Data Preparation

Author
Affiliation

Queensland University of Technology, CSIRO

Published

May 31, 2026

UPDATE (27th May 2026)

We have updated the data preparation process to avoid the need to crop out and save individual availability layers for each step. Now, individual availability layers are generated on-the-fly during the training process in Python. This functionality is incorporated into the Python package see here - https://github.com/swforrest/deepSSF_package and here - https://pypi.org/project/deepSSF/. Now, a script can just recieve a csv file with a timestamp, and lat and lon coordinates for each step, and the full raster layers that cover the trajectory. This avoids the need to use R for any data preparation, and is much better as all of the local layers for every step don’t need to be stored in RAM, but are generated for every training batch.

We have left the previous code here for now, as it is still helpful to understand what the model is processing during training. Every step is associated with a set of local availability layers (one for each covariate) that are centred on the current step, and a target layer that has a value of 1 at the location of the next step and 0 everywhere else. The model is trained with convolution layers to predict the target layer from the local availability layers (through generating a habitat selection probability surface). The code in the Python package does exactly the same thing, but generates the local availability layers on-the-fly during training, which is much more efficient and avoids the need to use R for data preparation.


Data Preparation

To train the deepSSF model, we need to crop out local layers for each of our covariates at every observed step in the trajectory. These local layers must be centred on the current step (as the movement kernel is centred on the centre cell), and the next step becomes our ‘target’.

An example for a single step may look something like the image below, where we have a local covariate that is 101 x 101 cells (an odd number so we have a central cell) that are 25 m x 25 m each, resulting in a map that is 2525 m x 2525 m. This is a distance of 1262.5 m to the nearest edge from the central cell, which covers about 97% of the observed step lengths.

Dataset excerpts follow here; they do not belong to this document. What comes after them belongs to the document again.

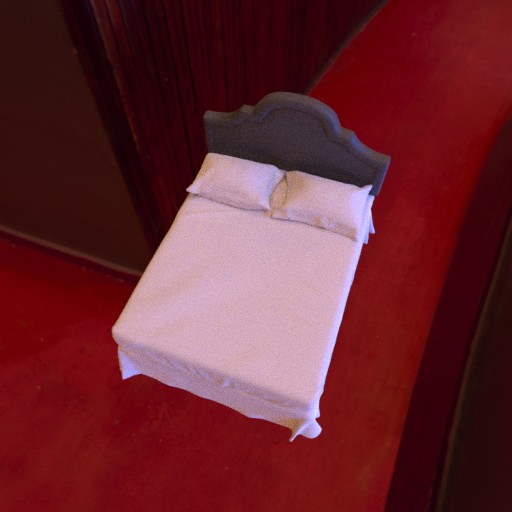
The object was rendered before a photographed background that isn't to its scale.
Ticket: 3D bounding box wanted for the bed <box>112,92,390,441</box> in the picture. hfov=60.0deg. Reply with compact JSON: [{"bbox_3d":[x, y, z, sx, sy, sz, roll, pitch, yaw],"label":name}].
[{"bbox_3d":[0.000,0.000,3.511,1.780,1.634,2.222,17,60,10],"label":"bed"}]
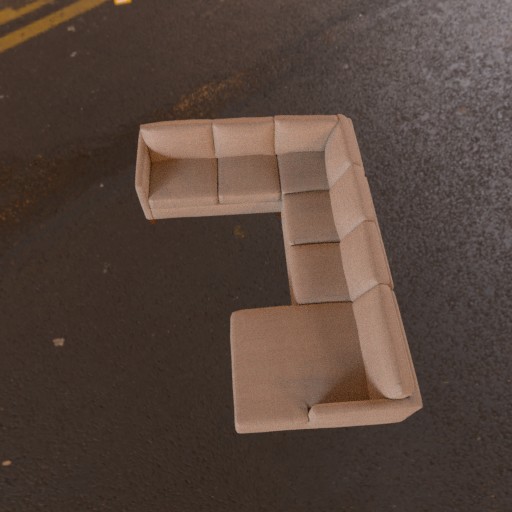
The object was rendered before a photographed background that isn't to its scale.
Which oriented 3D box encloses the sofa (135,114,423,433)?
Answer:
[{"bbox_3d":[0.000,0.000,4.710,2.594,0.961,3.460,-4,60,-2],"label":"sofa"}]
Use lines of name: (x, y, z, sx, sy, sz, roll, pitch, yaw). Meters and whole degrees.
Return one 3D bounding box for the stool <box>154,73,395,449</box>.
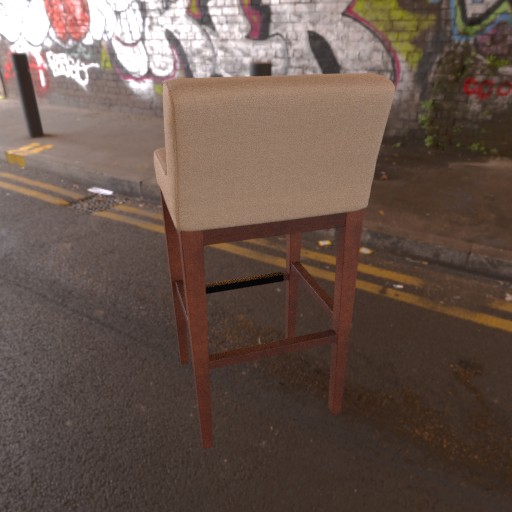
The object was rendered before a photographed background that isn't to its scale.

The current location of the individual is in the exact centre cell

What we are trying to predict, or the ‘target’, is the location of the next step, which might look something like this:

The target location we are trying to predict by giving the underlying covariates and the movement kernel a high probability weight for that location

Therefore, for each step we need the cropped out ‘local’ layers, which are 101 x 101 cells with the current location in the centre, and the target, which is the location of the next step. Once we have those for every step we are ready to start training the deep learning model. We also want the temporal covariates, but these we just save in a dataframe, which we turn into grids for training during the deepSSF_train scripts.

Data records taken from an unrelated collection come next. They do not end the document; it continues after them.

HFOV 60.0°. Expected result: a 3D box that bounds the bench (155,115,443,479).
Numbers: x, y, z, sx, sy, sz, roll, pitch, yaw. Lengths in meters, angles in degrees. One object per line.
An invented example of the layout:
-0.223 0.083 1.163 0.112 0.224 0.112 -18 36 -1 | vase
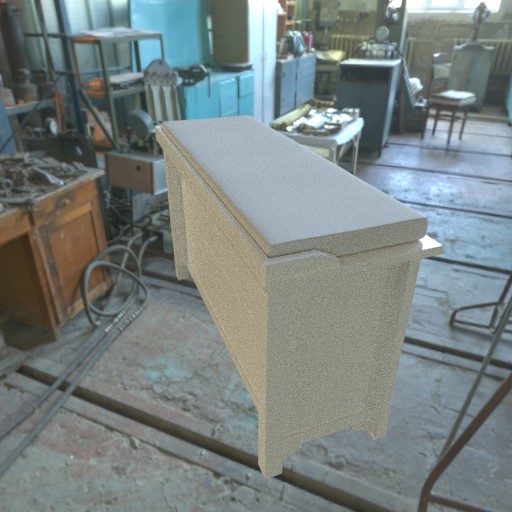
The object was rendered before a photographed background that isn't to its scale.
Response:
0.000 0.000 1.270 0.346 0.589 0.987 -11 31 -18 | bench
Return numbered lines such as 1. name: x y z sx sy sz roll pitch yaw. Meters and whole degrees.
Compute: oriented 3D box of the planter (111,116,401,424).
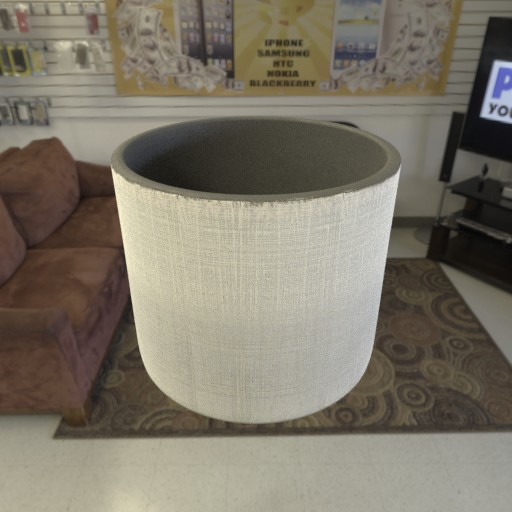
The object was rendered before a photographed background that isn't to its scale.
1. planter: 0.000 0.000 0.399 0.226 0.201 0.226 0 30 0
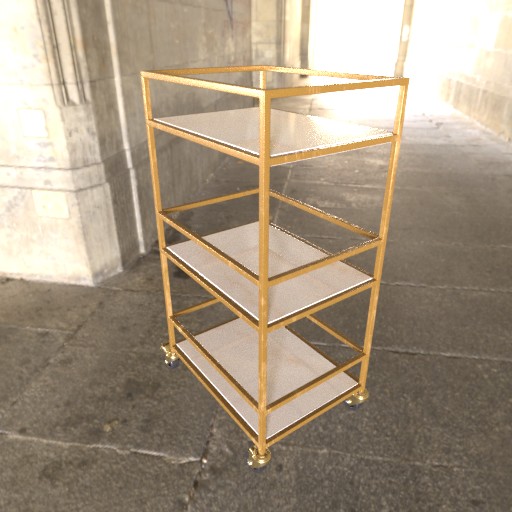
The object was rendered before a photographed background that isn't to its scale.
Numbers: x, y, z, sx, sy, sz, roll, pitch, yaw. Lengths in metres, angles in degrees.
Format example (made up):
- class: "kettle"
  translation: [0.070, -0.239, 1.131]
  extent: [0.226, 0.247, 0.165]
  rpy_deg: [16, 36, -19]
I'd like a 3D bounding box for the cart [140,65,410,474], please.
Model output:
- class: "cart"
  translation: [0.000, 0.000, 0.994]
  extent: [0.332, 0.761, 0.483]
  rpy_deg: [-18, 32, -32]

We save the local spatial layers as one stack per covariate, with a layer for each step. So if we had layers for NDVI and slope that we wanted to use as covariates, and there were 1,000 steps in the trajectory, we would save a raster stack object for NDVI with 1,000 layers, one for slope with 1,000 layers, and then another stack with 1,000 layers for the target (which has values of 0 everywhere except at the location of the next step, which is 1).

When we import these raster stacks into Python we turn them into NumPy arrays and then turn them into PyTorch tensors (which are required for training the model using PyTorch), and stack the covariates together along a different dimension that represents each of the covariates, ready for training.

Another option is to save every local layers for each covariate separately, and have the filenames stored in a dataframe, with a column for each of the covariates. This setup is a more common approach for importing image data for training deep learning models, and we may opt for this in future applications of the approach, particularly when there is more data as the raster objects can be quite large.

Scripts

There is a script for preparing the data using ‘derived’ covariates (NDVI, canopy cover, herbaceous vegetation and slope), and a script for preparing data using Sentinel-2 imagery, which has 12 Sentinel-2 bands, as well as slope. We could have cropped out the local layers for all of the covariates (derived + Sentinel-2) in a single script, although each one takes a while to run, so we thought it best to keep them separate in case all layers aren’t needed (it should be straightforward to add in your own layers).

Both of the data preparation scripts are written in R.